• ACTIVITY:
From the first line of the records through the line containing "Phase Delayvs. Temperature</text>", retype every line exactly and nothing else.

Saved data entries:
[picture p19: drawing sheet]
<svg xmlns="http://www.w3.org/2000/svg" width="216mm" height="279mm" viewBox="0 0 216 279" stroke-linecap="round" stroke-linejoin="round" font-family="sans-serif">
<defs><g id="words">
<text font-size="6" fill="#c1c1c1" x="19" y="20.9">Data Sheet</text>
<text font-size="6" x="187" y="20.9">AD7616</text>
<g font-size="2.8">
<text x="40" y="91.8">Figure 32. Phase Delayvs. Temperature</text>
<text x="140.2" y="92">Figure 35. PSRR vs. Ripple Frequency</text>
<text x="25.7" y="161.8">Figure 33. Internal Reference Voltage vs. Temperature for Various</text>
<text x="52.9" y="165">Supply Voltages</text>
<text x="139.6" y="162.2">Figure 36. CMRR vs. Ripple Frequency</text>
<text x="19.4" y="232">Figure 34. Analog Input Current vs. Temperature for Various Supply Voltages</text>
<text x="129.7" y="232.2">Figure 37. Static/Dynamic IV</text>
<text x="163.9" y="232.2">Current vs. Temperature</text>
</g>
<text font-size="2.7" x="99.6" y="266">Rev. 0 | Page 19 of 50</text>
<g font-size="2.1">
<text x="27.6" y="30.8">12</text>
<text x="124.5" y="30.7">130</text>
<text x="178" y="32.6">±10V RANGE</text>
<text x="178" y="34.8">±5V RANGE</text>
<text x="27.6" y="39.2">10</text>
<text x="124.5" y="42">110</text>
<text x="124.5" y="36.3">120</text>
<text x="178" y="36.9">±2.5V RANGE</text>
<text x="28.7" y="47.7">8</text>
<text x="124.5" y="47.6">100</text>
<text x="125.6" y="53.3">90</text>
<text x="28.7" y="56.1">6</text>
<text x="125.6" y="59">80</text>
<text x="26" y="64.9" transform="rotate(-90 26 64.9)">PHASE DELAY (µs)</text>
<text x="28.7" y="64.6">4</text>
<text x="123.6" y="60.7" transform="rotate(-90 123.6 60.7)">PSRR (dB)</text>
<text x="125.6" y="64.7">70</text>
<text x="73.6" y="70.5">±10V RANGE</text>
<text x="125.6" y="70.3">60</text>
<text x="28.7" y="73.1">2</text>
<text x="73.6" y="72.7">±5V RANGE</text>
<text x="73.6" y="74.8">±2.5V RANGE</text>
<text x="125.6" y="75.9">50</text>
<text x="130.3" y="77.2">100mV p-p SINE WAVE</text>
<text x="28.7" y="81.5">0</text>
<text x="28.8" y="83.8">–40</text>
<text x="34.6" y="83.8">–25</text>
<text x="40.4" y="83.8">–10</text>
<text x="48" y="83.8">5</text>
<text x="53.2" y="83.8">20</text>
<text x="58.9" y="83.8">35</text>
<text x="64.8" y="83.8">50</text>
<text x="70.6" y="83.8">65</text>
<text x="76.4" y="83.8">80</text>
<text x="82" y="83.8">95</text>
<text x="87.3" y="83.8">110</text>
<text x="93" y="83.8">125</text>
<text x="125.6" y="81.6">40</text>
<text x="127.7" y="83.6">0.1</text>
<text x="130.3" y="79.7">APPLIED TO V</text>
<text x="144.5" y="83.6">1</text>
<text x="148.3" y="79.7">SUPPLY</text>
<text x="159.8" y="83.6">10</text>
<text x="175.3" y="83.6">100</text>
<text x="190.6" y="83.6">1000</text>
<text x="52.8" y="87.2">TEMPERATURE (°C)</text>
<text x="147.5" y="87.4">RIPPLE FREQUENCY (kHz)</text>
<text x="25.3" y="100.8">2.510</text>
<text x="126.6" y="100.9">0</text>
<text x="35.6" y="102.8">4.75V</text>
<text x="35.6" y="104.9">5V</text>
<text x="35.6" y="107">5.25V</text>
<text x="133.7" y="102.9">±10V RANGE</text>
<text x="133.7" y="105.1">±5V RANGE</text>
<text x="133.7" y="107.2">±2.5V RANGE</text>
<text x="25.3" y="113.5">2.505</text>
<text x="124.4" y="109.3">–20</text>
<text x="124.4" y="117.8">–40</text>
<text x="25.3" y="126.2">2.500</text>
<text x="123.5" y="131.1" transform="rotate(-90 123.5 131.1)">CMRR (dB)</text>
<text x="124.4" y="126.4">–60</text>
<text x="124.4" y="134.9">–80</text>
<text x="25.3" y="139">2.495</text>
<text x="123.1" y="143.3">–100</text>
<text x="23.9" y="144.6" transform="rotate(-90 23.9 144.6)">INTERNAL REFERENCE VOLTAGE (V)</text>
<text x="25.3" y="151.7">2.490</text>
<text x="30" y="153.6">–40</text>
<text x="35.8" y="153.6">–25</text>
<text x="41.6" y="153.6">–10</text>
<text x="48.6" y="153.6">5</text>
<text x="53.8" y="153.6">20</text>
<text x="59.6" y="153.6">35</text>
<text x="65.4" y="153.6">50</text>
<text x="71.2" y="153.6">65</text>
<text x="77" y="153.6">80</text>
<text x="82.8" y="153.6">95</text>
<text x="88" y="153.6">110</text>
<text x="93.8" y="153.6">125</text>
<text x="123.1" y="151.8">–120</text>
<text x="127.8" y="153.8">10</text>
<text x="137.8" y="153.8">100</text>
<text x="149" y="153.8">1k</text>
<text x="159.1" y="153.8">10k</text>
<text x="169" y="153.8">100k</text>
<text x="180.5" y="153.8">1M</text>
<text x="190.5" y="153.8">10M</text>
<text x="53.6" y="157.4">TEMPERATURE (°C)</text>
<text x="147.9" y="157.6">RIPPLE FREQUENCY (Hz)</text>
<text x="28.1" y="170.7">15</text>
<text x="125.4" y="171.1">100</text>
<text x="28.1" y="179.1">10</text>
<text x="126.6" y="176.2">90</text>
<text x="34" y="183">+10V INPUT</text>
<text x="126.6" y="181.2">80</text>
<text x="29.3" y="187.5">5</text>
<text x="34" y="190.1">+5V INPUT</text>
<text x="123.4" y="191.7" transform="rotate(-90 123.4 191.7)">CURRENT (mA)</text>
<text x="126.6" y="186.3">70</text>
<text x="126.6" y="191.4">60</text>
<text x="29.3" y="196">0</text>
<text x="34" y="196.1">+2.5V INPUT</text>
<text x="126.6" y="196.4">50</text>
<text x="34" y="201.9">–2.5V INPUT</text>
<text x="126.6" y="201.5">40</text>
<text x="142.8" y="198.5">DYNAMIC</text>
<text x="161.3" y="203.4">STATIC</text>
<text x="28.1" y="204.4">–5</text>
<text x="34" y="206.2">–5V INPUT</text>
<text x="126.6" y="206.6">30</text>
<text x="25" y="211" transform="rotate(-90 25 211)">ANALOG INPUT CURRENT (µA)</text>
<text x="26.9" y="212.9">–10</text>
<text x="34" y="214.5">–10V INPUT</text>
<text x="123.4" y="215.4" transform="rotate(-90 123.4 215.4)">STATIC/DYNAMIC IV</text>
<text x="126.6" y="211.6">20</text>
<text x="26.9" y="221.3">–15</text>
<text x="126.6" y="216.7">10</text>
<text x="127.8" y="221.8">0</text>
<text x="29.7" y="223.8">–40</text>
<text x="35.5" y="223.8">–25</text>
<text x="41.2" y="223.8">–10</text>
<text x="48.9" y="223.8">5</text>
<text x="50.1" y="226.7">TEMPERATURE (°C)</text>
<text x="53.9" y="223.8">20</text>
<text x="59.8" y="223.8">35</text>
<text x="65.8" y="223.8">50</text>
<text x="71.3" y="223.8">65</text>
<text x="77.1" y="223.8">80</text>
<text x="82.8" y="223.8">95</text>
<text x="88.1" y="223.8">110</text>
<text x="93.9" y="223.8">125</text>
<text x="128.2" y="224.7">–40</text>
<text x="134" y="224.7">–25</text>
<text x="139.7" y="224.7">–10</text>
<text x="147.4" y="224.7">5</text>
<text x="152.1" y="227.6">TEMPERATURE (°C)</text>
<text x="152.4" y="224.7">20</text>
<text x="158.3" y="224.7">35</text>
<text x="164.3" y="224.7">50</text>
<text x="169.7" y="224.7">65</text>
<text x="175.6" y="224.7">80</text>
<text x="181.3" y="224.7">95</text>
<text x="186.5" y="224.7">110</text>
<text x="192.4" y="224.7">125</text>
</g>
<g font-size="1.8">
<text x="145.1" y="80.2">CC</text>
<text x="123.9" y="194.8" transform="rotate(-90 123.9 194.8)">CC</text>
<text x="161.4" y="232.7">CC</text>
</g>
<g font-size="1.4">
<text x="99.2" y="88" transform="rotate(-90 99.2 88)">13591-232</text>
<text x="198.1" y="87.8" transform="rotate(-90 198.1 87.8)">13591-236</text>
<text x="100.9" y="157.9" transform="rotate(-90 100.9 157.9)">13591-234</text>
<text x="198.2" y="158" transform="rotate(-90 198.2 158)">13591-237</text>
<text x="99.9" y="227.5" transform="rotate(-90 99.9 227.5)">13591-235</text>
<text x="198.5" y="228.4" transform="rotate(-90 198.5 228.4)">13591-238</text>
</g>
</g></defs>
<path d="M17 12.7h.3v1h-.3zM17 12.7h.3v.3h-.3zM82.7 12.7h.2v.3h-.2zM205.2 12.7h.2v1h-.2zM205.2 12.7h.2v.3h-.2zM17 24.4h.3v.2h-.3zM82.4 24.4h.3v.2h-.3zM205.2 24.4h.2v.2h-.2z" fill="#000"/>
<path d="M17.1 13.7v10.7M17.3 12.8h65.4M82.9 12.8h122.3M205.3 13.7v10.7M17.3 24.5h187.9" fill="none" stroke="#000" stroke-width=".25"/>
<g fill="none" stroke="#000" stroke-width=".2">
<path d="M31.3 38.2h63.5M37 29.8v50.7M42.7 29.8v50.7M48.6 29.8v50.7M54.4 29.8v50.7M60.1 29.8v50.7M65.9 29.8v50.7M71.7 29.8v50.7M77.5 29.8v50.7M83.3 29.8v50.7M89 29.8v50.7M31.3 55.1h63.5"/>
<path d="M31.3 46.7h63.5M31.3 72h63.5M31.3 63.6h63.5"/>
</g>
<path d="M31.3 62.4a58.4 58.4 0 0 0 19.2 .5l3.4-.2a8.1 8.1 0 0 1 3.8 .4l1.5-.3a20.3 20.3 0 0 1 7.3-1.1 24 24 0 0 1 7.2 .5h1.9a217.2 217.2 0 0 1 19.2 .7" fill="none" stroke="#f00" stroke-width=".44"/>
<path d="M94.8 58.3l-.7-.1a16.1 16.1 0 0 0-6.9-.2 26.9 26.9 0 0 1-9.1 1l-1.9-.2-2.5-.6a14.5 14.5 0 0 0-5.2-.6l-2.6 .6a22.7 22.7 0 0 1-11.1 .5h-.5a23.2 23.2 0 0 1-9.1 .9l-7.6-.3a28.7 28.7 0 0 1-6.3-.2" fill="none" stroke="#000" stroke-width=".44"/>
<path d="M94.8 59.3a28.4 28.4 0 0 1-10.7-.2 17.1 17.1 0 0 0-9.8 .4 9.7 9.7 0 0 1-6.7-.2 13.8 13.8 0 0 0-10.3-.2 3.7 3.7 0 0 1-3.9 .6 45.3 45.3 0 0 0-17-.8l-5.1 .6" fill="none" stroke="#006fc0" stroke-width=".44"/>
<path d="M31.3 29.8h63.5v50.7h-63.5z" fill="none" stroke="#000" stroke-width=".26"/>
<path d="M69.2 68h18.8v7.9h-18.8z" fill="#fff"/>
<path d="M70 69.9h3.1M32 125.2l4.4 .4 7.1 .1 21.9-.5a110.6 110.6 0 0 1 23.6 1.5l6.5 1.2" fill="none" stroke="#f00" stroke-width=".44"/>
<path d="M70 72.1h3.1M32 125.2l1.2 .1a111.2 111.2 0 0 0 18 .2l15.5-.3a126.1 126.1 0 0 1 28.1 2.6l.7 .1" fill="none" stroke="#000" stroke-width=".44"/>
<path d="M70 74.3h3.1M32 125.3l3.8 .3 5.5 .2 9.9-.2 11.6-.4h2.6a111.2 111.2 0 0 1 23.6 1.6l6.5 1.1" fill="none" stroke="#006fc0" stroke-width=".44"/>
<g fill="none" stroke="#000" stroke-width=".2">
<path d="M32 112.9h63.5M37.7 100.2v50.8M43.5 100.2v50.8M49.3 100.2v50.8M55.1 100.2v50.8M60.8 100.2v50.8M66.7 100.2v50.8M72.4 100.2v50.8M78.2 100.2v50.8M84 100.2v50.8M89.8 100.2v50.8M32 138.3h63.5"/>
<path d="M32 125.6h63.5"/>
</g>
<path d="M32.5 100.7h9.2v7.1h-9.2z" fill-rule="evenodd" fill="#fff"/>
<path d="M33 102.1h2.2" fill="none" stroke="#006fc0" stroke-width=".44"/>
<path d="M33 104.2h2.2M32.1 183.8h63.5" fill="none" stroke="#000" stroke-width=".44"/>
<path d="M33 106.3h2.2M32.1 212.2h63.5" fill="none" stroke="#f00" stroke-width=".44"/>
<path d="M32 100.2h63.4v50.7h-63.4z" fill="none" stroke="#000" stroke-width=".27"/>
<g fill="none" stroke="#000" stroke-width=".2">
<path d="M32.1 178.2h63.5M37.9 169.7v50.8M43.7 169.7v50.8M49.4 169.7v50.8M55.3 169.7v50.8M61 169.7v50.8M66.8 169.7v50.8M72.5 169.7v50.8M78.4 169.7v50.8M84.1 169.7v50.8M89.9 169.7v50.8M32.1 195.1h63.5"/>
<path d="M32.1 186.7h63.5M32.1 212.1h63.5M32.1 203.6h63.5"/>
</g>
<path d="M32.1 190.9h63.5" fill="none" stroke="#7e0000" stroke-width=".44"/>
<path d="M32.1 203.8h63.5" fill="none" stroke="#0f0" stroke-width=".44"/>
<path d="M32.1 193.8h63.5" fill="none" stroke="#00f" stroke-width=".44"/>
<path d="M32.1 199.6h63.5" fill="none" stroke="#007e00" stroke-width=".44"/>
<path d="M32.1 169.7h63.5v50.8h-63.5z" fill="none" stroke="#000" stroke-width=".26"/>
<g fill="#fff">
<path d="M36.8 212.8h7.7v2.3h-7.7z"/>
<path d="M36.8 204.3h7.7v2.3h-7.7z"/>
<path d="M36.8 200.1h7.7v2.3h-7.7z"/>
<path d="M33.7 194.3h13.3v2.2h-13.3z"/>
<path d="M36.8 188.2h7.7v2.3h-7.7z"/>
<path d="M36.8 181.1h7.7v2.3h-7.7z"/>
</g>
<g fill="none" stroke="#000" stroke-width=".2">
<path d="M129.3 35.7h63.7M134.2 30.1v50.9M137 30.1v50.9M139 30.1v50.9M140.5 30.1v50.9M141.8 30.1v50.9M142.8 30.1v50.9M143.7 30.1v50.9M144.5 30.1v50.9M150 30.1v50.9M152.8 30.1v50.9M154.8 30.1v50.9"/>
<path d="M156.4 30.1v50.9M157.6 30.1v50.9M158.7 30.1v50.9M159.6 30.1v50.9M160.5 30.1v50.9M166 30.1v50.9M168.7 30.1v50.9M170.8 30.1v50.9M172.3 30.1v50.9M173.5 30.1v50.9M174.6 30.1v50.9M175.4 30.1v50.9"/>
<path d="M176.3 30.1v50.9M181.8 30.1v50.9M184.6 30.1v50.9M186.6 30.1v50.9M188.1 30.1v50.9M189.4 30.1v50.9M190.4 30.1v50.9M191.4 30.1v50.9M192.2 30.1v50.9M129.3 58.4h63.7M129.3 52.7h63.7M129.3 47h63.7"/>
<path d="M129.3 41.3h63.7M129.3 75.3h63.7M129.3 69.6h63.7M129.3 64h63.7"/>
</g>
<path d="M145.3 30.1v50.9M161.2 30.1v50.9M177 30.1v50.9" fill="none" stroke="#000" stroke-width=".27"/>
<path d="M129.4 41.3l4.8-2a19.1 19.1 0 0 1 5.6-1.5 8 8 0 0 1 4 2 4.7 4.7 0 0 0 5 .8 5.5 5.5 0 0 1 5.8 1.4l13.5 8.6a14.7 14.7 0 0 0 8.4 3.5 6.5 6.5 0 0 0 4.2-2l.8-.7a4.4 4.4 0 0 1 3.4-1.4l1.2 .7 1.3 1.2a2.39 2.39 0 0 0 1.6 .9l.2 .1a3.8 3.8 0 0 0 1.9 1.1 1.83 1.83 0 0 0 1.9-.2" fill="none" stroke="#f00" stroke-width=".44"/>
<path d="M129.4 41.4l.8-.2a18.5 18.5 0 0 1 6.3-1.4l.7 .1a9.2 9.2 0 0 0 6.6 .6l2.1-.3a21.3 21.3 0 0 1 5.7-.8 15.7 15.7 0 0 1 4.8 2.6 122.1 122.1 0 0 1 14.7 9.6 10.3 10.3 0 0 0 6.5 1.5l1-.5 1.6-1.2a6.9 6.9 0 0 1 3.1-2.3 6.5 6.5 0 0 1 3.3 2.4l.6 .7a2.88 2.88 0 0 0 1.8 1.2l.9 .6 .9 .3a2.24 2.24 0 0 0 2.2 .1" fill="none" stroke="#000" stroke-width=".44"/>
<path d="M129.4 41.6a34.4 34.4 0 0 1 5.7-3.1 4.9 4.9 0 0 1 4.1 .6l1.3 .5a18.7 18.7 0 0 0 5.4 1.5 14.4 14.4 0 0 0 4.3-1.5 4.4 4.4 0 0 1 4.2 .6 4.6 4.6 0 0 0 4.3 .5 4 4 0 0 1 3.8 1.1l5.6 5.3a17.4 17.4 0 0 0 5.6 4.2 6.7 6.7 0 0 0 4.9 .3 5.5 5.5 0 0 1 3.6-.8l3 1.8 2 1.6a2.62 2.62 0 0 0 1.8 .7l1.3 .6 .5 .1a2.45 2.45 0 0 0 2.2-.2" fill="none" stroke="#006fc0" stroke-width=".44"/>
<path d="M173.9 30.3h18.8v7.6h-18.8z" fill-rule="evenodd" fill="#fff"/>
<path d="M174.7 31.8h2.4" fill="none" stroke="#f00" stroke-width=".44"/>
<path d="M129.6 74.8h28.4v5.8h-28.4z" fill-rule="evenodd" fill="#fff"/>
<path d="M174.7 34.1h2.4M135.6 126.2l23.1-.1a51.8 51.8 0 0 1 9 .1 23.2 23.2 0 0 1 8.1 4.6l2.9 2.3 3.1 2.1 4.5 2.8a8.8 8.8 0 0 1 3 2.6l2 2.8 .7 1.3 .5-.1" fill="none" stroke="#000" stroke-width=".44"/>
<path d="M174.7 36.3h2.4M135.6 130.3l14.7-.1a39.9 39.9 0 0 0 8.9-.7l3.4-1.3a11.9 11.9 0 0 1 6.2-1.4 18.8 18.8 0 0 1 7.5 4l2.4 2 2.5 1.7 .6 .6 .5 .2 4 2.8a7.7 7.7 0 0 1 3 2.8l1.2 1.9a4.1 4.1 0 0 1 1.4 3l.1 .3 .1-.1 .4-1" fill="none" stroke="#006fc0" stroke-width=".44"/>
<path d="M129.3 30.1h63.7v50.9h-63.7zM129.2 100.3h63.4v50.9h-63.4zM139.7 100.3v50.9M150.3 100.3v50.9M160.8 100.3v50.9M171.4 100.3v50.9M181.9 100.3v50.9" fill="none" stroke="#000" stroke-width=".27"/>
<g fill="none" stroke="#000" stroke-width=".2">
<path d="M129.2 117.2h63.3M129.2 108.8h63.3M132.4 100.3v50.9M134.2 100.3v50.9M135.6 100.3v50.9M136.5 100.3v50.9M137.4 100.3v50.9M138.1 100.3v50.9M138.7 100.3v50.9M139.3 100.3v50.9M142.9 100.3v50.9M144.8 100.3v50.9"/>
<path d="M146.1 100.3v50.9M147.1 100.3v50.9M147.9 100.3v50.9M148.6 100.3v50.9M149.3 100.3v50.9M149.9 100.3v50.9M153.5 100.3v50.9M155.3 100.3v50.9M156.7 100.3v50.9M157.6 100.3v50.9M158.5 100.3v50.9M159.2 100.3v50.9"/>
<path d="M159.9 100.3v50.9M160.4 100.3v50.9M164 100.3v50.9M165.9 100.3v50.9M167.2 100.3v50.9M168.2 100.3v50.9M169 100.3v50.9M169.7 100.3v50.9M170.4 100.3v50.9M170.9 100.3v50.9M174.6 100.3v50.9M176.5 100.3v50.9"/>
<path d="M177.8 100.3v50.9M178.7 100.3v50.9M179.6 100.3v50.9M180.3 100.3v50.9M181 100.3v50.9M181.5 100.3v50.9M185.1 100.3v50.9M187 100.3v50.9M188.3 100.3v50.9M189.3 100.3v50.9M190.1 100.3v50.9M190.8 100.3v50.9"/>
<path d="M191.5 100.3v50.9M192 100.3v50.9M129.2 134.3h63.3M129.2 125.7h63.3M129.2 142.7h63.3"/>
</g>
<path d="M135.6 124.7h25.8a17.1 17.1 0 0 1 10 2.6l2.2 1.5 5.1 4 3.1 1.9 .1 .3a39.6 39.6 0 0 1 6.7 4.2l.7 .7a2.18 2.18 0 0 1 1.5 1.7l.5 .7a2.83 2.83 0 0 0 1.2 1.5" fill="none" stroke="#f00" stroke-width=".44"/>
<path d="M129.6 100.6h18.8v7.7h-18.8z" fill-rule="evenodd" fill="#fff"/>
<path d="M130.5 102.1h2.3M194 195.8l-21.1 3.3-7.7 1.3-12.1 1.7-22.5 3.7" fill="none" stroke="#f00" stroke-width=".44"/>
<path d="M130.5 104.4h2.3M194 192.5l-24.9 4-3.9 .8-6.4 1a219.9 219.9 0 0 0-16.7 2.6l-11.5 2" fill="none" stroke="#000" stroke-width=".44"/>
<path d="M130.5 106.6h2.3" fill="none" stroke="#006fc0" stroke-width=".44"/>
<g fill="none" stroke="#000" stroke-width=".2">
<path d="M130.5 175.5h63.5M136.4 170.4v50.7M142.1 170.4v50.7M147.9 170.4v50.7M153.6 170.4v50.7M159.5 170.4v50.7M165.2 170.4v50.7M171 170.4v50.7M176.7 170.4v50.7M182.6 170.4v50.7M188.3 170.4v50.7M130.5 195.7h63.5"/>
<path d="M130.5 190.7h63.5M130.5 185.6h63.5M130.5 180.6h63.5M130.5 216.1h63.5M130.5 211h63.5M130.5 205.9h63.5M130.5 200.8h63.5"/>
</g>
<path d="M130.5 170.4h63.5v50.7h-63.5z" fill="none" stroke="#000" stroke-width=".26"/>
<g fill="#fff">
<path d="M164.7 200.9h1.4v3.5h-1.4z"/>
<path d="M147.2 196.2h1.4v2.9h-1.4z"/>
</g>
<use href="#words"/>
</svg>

• OUTPUT OF THE EXERCISE:
[picture p19: drawing sheet]
<svg xmlns="http://www.w3.org/2000/svg" width="216mm" height="279mm" viewBox="0 0 216 279" stroke-linecap="round" stroke-linejoin="round" font-family="sans-serif">
<defs><g id="words">
<text font-size="6" fill="#c1c1c1" x="19" y="20.9">Data Sheet</text>
<text font-size="6" x="187" y="20.9">AD7616</text>
<g font-size="2.8">
<text x="40" y="91.8">Figure 32. Phase Delayvs. Temperature</text>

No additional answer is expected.